* _Assignment_
All that should come back is the lines of the data below from the one containing "list dat overeenkomstig" to the one containing "table_header [850, 236, 1151, 385]", inclusive, exactly as they stand.

——

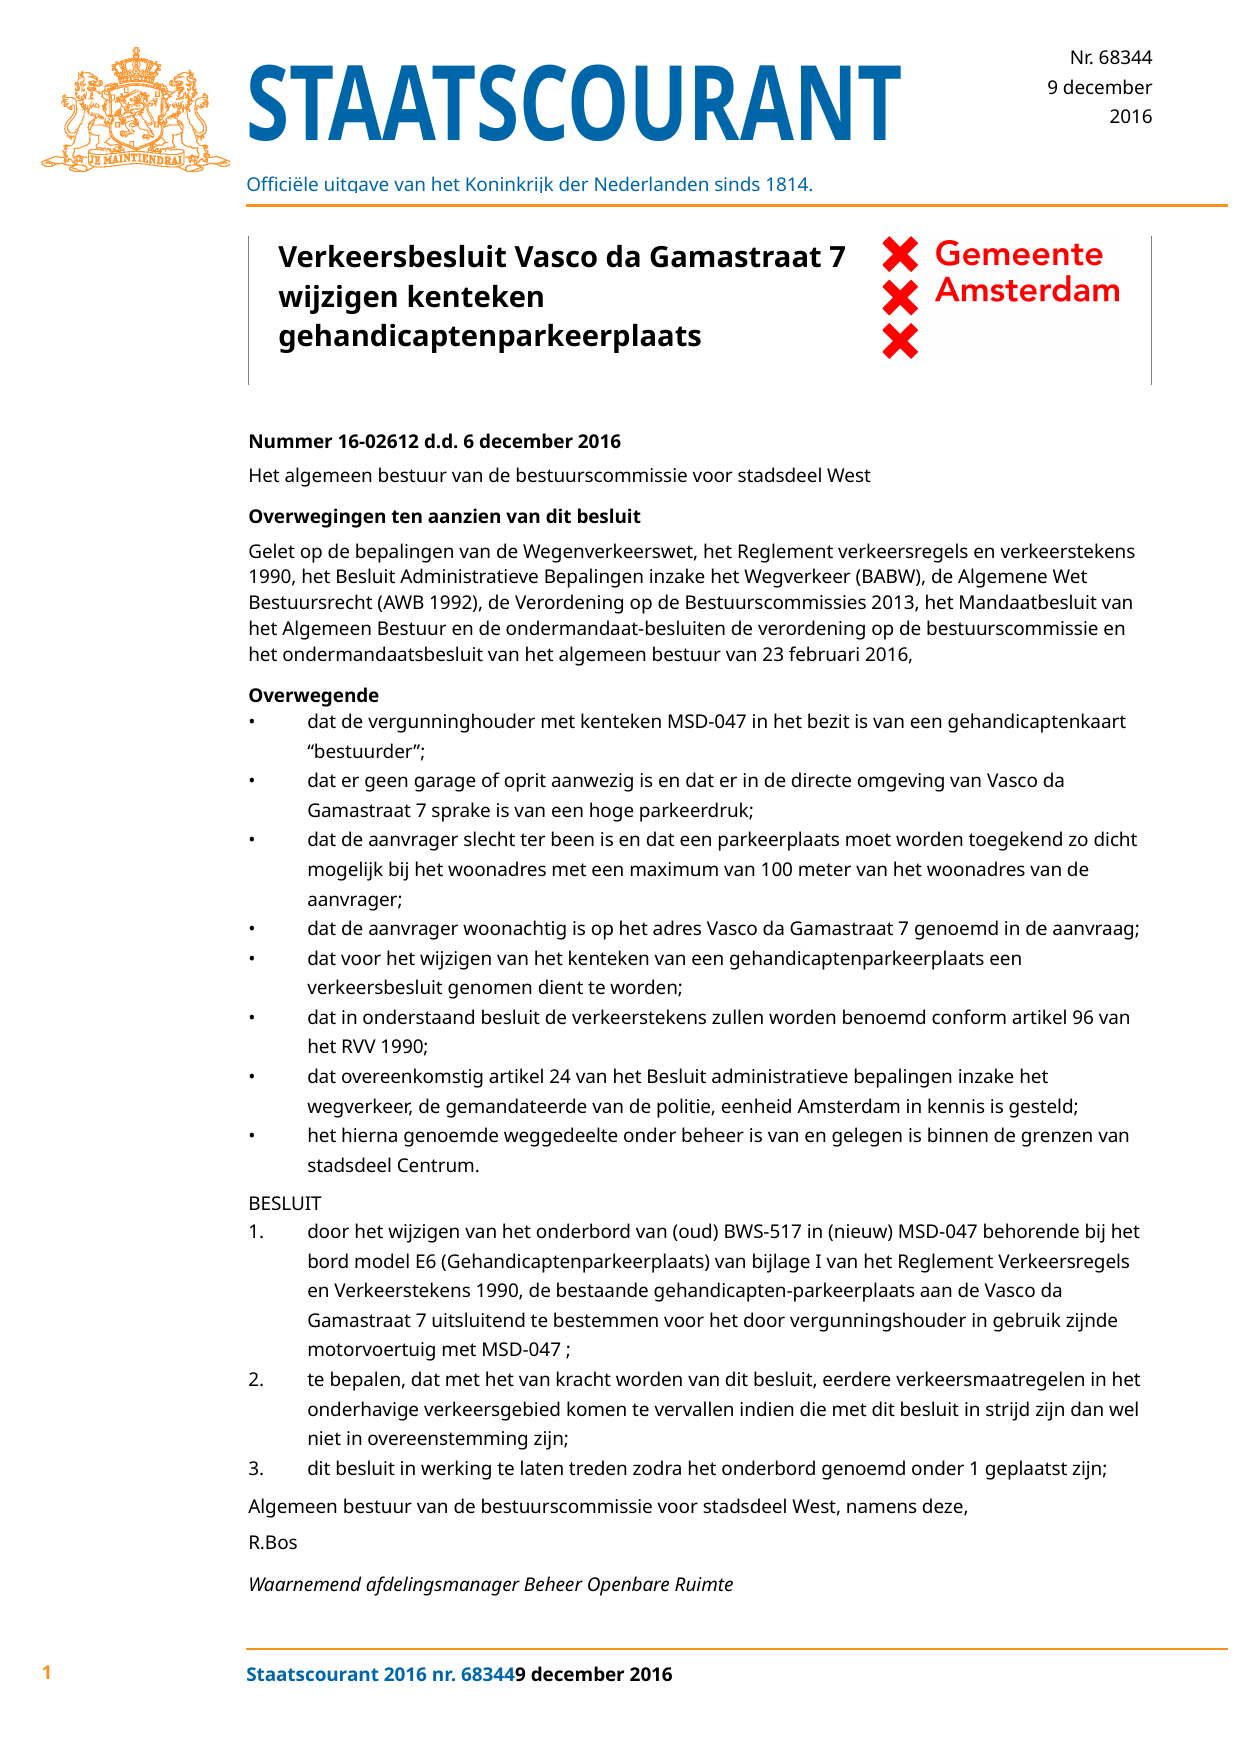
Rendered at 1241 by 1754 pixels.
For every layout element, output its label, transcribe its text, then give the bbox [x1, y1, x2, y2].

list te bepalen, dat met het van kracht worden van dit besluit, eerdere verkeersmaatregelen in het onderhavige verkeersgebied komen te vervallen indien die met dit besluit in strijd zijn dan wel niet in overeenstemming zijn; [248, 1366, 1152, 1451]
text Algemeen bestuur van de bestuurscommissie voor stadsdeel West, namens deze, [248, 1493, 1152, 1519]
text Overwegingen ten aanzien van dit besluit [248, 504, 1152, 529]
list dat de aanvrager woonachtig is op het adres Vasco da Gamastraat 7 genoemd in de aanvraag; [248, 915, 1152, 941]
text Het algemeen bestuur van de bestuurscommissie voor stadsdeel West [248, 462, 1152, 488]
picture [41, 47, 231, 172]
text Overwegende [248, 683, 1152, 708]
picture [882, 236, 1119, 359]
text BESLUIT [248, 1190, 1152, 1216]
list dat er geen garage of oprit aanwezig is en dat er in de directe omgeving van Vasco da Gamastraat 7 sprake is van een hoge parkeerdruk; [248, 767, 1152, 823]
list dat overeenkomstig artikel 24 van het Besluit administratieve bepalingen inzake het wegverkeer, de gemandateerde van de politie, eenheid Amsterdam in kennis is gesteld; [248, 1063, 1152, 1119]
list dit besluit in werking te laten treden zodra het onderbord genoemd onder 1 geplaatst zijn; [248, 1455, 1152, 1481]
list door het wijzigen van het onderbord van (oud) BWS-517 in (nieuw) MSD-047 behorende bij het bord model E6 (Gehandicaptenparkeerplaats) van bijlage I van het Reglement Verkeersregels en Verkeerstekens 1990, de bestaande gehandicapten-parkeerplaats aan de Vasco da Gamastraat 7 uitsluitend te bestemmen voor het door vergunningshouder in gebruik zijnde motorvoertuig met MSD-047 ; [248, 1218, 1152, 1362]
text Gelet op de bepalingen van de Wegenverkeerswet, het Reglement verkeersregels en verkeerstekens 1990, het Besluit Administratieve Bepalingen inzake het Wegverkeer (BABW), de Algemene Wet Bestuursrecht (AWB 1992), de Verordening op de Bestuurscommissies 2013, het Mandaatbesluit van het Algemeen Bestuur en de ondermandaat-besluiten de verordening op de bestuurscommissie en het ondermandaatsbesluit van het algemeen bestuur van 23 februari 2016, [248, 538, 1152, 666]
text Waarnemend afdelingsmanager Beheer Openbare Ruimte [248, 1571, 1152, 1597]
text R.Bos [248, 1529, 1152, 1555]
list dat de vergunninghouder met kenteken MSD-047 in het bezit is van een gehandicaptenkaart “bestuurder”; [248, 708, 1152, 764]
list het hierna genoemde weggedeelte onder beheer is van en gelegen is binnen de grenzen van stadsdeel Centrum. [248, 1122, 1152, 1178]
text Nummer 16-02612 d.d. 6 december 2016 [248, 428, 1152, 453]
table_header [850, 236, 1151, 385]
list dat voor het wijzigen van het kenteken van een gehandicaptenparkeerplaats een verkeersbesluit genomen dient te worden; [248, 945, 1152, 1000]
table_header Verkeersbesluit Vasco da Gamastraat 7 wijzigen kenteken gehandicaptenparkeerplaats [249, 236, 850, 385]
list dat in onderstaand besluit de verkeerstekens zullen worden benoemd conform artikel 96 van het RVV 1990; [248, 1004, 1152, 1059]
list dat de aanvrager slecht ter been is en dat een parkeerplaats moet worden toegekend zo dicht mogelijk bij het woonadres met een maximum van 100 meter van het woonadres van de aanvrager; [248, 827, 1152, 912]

——

* _Exercise result_
list dat overeenkomstig artikel 24 van het Besluit administratieve bepalingen inzake het wegverkeer, de gemandateerde van de politie, eenheid Amsterdam in kennis is gesteld; [248, 1063, 1152, 1119]
list dit besluit in werking te laten treden zodra het onderbord genoemd onder 1 geplaatst zijn; [248, 1455, 1152, 1481]
list door het wijzigen van het onderbord van (oud) BWS-517 in (nieuw) MSD-047 behorende bij het bord model E6 (Gehandicaptenparkeerplaats) van bijlage I van het Reglement Verkeersregels en Verkeerstekens 1990, de bestaande gehandicapten-parkeerplaats aan de Vasco da Gamastraat 7 uitsluitend te bestemmen voor het door vergunningshouder in gebruik zijnde motorvoertuig met MSD-047 ; [248, 1218, 1152, 1362]
text Gelet op de bepalingen van de Wegenverkeerswet, het Reglement verkeersregels en verkeerstekens 1990, het Besluit Administratieve Bepalingen inzake het Wegverkeer (BABW), de Algemene Wet Bestuursrecht (AWB 1992), de Verordening op de Bestuurscommissies 2013, het Mandaatbesluit van het Algemeen Bestuur en de ondermandaat-besluiten de verordening op de bestuurscommissie en het ondermandaatsbesluit van het algemeen bestuur van 23 februari 2016, [248, 538, 1152, 666]
text Waarnemend afdelingsmanager Beheer Openbare Ruimte [248, 1571, 1152, 1597]
text R.Bos [248, 1529, 1152, 1555]
list dat de vergunninghouder met kenteken MSD-047 in het bezit is van een gehandicaptenkaart “bestuurder”; [248, 708, 1152, 764]
list het hierna genoemde weggedeelte onder beheer is van en gelegen is binnen de grenzen van stadsdeel Centrum. [248, 1122, 1152, 1178]
text Nummer 16-02612 d.d. 6 december 2016 [248, 428, 1152, 453]
table_header [850, 236, 1151, 385]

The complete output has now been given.